For the most part it had kept them occupied, and happy. But now Mary – who was supposed to be airing the sugar – was spreading it around on the floor in the same manner as a child spreads vegetables it doesn’t want to eat around its plate.

“Mary,” called out Angela, and her friend looked up. Angela carefully considered what she would say next, how she would phrase it. “Have you ever thought, I mean not like you would do it or anything, because of course you wouldn’t, but have you ever just thought…”
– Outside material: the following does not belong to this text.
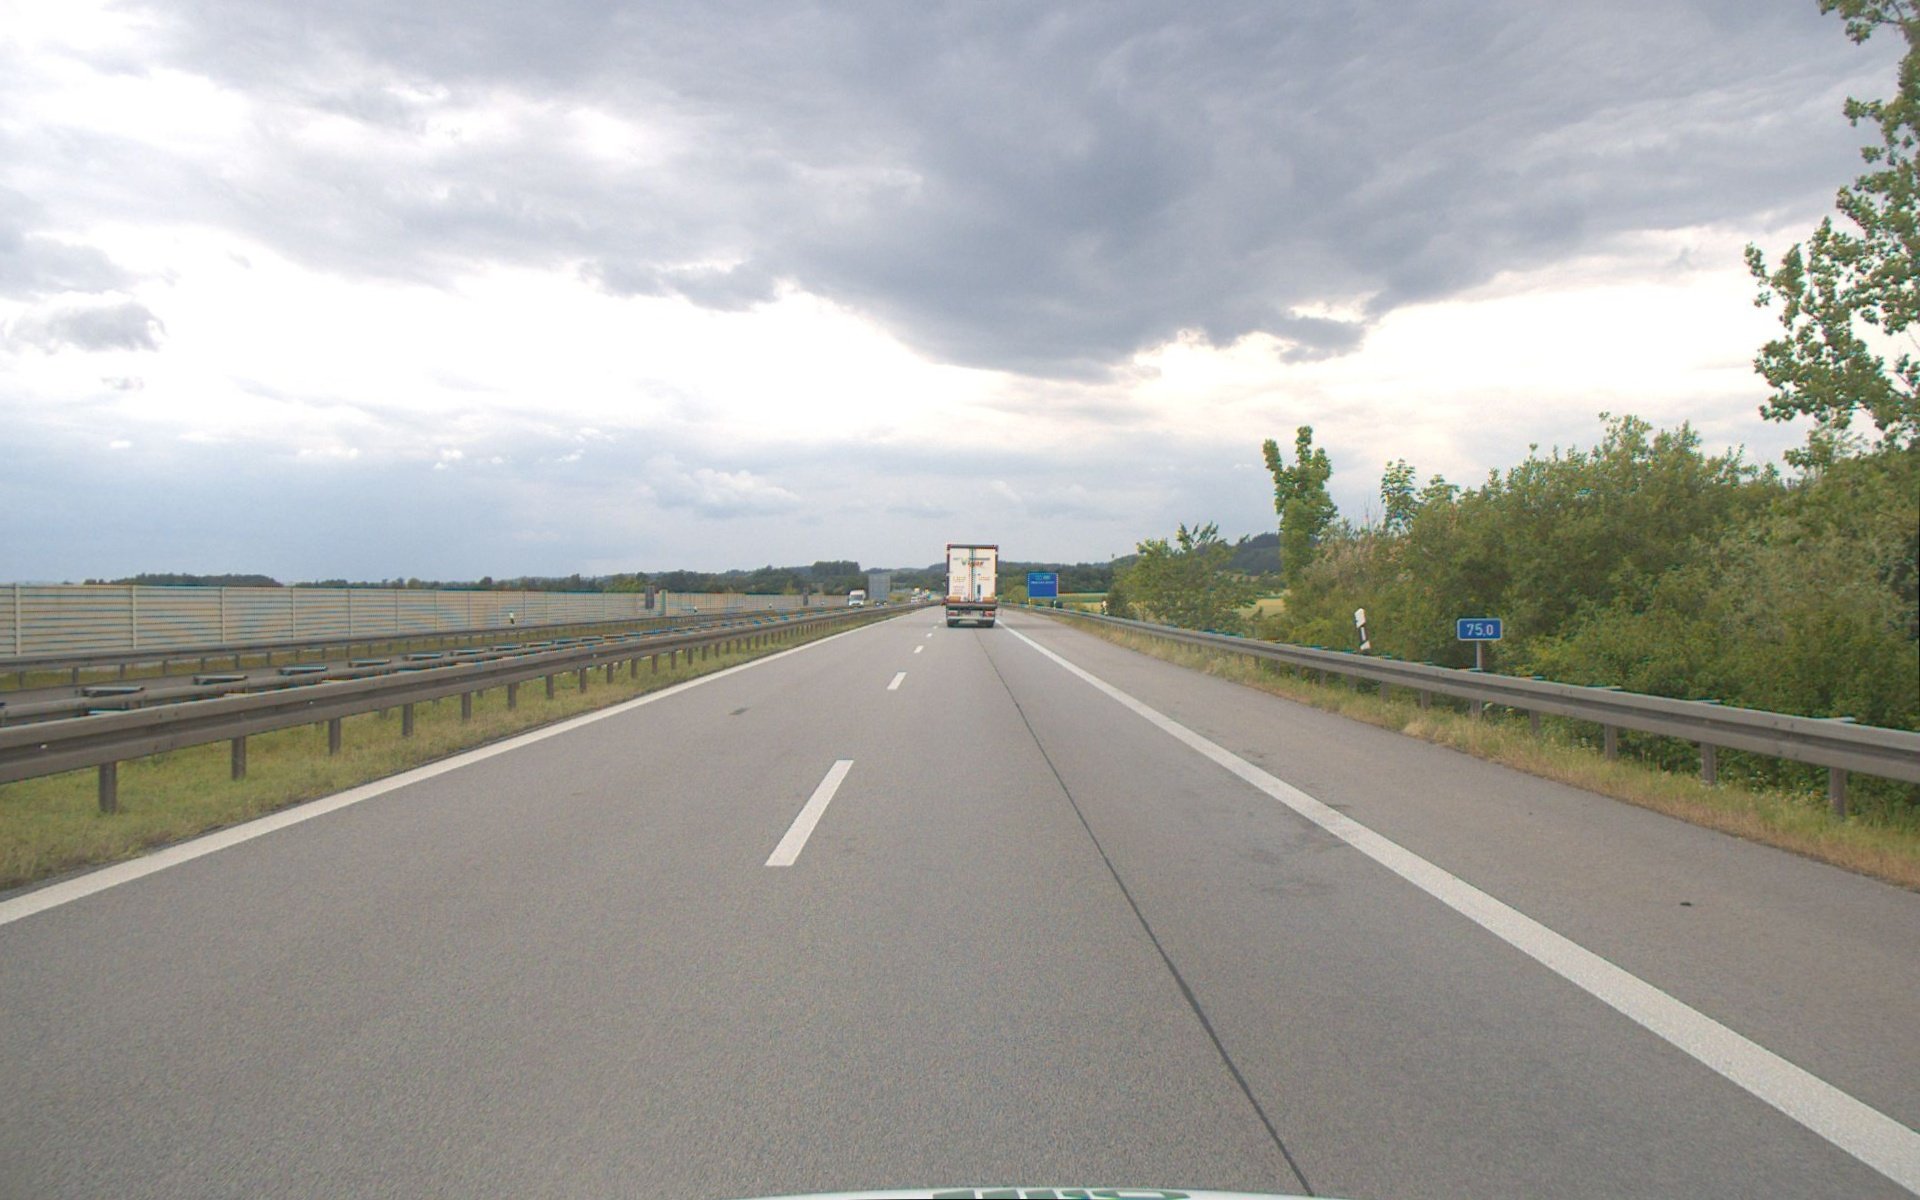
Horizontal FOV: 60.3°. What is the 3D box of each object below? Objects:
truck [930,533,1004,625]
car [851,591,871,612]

They talked as they worked together, quickly piling shovelfuls of sugar higher and higher. It seemed to Angela that Mary’s tongue was looser, that her eyes held the kindling of a spark they hadn’t held before. They had only been working for fifteen minutes, however, before Doris walked by.

If Doris was not universally reviled, it was only because the Universe was infinite. She was strict, and sour, and as she stared at the small progress Angela and Mary had so far made, the edges of her lips sank down, and Angela knew they were through.

“Doris,” Angela’s head whipped around as she heard Mary speak. “Have you ever thought, not that you would ever do it, because of course you wouldn’t, not in a million years, but have you ever just thought…”

And Doris picked up a shovel.

They had been working steadily for quite a while before a group of workers caught them. Oblivious of the time, they were caught unawares as the girls passed them on the way downstairs for lunch. Off-guard, the girls just stood, gaping at Doris, Angela and Mary’s handiwork. For a few brief moments, there was silence. It was Doris who broke it.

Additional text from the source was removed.